Sin noticias del propietario durante meses. Luego, en octubre, me dijo que tenía necesidad del taller para él, que rescindía el contrato pero nos daba el tiempo que quisiéramos. Todo está a nombre de Gaby. Para oponerme al desalojo me hacía falta al menos una procuración de Gaby y gestiones administrativas – Paul François sabe mucho de esto – que se parecen a un laberinto sin fin. ¿Puedo lanzarme a eso?  Además, esta decisión del propietario no me cae demasiado mal: en los próximos meses tendré otras ocupaciones “fuera de la forja” (viajes, entre ellos al Camerún, para preparar el Capítulo, además de un servicio en el Consejo de religiosos de la diócesis, con preparación de la reunión de superiores mayores) Así pues, debido a esto, el 24 de noviembre, Paul-François y yo devolvimos las llaves del “taller de Gaby”.

Paul François durante el reciente Capítulo

Con anterioridad, pude apreciar cómo Gaby se había insertado en este barrio. Todos los vecinos criticaban la decisión del propietario no por razones de contrato, de dinero o de derecho, sino que simplemente decían: “No tiene derecho de hacer eso: es el taller de Gaby”. Hay un recuerdo, memoria (en el sentido bíblico) de un hombre de bien, y eso no se debe tocar. Uno de los mejores amigos de Gaby, herrero competente, ha recuperado los planos, los modelos, los diseños, la forja, algunas máquinas ya antiguas. Otro amigo, un poco más joven que acaba de empezar por cuenta propia, vino a buscar las existencias, un gran torno... Un tercero, artesano francés instalado en Marrakech, quiso el yunque, herramientas y sobre todo una reserva de remaches importados de Francia hace ya mucho tiempo. Los niños se ocuparon de la chatarra. En una tarde se vació el taller. Yo había pensado en guardar algunas herramientas, por si acaso… pero todo se fue…

Con el cierre de este taller, la fraternidad ha perdido un lugar de inserción extraordinario. Por una parte, es un lugar donde se ha vivido un compartir de vida, una forma de presencia discreta que es nuestra vocación, una gran solidaridad en el trabajo, aunque nunca he conseguido seguir los horarios demenciales de los artesanos marroquíes (12 horas al día, algunos los 7 días de la semana); me gustaba mucho trabajar en la acera, cercano a los vecinos (atento a las chispas de la afiladora) y a pesar de mi dificultad para participar en las permanentes discusiones; y trabajar como ellos (no he aprendido de otra manera) teniendo en una mano la pieza a soldar, en la otra la pinza con la varilla y un pedazo de pantalla en la nariz. Así es como comprobé que se puede tener una insolación trabajando en soldadura…

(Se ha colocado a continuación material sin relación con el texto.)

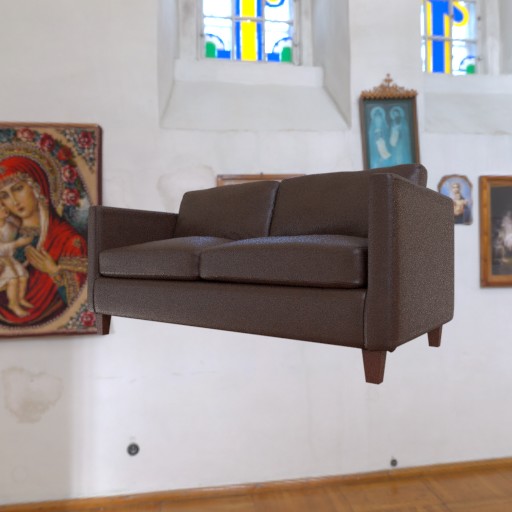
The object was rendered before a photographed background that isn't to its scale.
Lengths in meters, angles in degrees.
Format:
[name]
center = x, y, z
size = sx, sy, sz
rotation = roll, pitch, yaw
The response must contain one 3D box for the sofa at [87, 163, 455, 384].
[sofa]
center = 0.000, 0.000, 2.464
size = 1.883, 0.933, 0.951
rotation = 0, 0, 36
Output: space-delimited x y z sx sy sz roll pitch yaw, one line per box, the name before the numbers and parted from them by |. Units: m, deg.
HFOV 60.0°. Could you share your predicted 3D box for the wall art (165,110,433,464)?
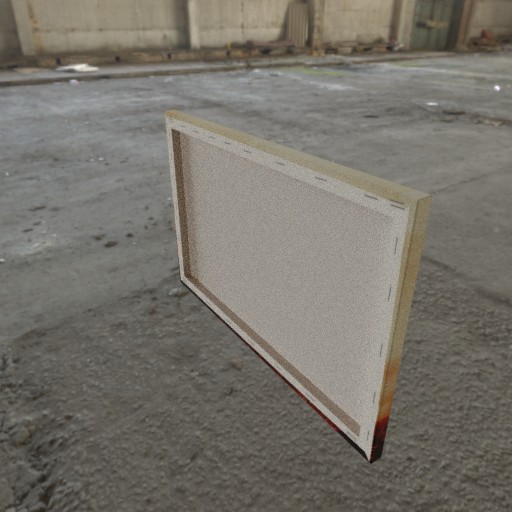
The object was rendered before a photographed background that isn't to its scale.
wall art | 0.000 0.000 1.152 0.038 0.602 0.918 -18 33 -30
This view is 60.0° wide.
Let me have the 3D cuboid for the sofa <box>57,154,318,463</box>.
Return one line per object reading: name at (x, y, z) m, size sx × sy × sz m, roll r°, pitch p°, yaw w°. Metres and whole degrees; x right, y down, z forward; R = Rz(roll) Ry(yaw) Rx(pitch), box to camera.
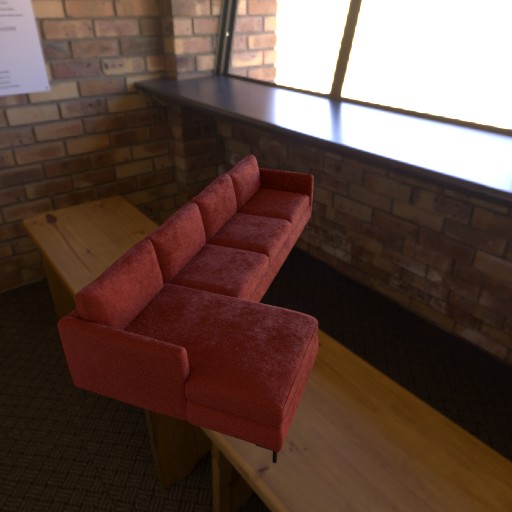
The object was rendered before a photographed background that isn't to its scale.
sofa at (0.000, 0.000, 2.982) m, size 1.136 × 0.663 × 2.467 m, roll 10°, pitch 31°, yaw 17°
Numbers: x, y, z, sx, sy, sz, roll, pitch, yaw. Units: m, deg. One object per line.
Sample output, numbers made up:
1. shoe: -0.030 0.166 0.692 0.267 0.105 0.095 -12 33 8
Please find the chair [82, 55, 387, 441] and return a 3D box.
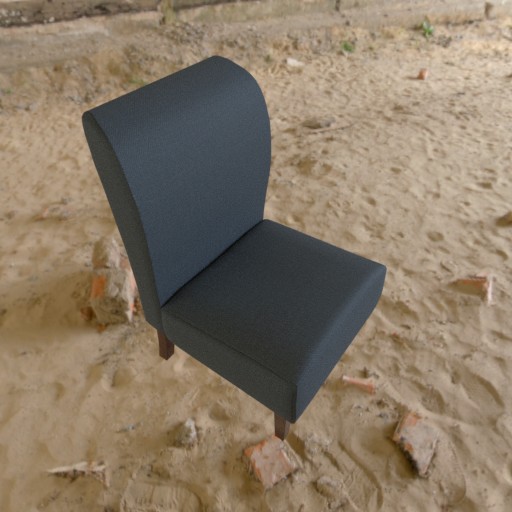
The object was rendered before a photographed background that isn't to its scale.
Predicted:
1. chair: 0.000 0.000 1.178 0.592 0.804 0.513 25 48 25
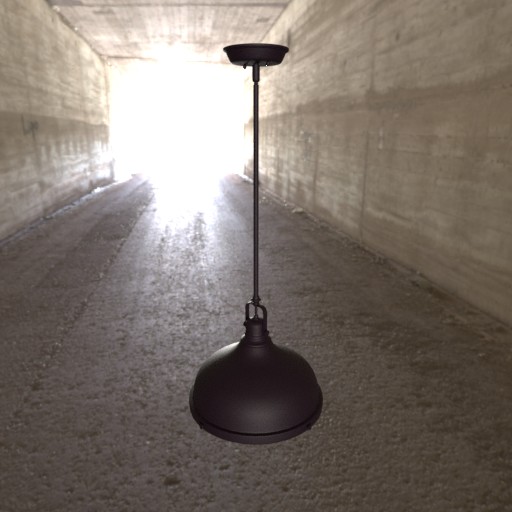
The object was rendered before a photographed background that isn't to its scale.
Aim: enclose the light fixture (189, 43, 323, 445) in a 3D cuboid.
[{"bbox_3d":[0.000,0.000,0.992,0.341,0.849,0.341,-15,22,-42],"label":"light fixture"}]
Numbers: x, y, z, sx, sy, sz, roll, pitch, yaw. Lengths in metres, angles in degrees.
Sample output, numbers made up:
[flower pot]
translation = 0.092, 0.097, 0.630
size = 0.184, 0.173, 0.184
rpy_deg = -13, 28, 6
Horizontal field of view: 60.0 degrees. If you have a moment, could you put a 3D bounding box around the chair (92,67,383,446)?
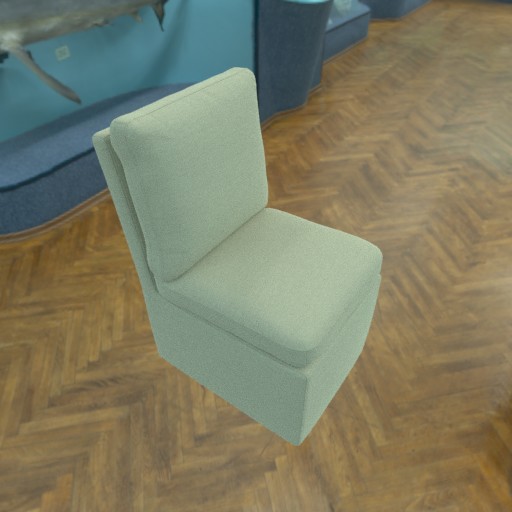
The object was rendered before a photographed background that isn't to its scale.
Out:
[chair]
translation = 0.000, 0.000, 1.361
size = 0.698, 0.927, 0.503
rpy_deg = 25, 47, 26

Este taller, también quiere decir una identidad: soy “soldador”; no soy un turista ni vivo de mis rentas, como la gran mayoría de los europeos que viven en Marrakech. Esta identidad facilita las relaciones, en todo caso en el barrio. Otra ventaja: que nadie de los que allí trabajaron presentó nunca problema alguno; he podido trabajar con Gaby durante años (sin formalidades administrativas).

Muchas cosas se mueven en la fraternidad de Marrakech, y habrá que esperar un poco para saber de qué lado nos llevará el Espíritu.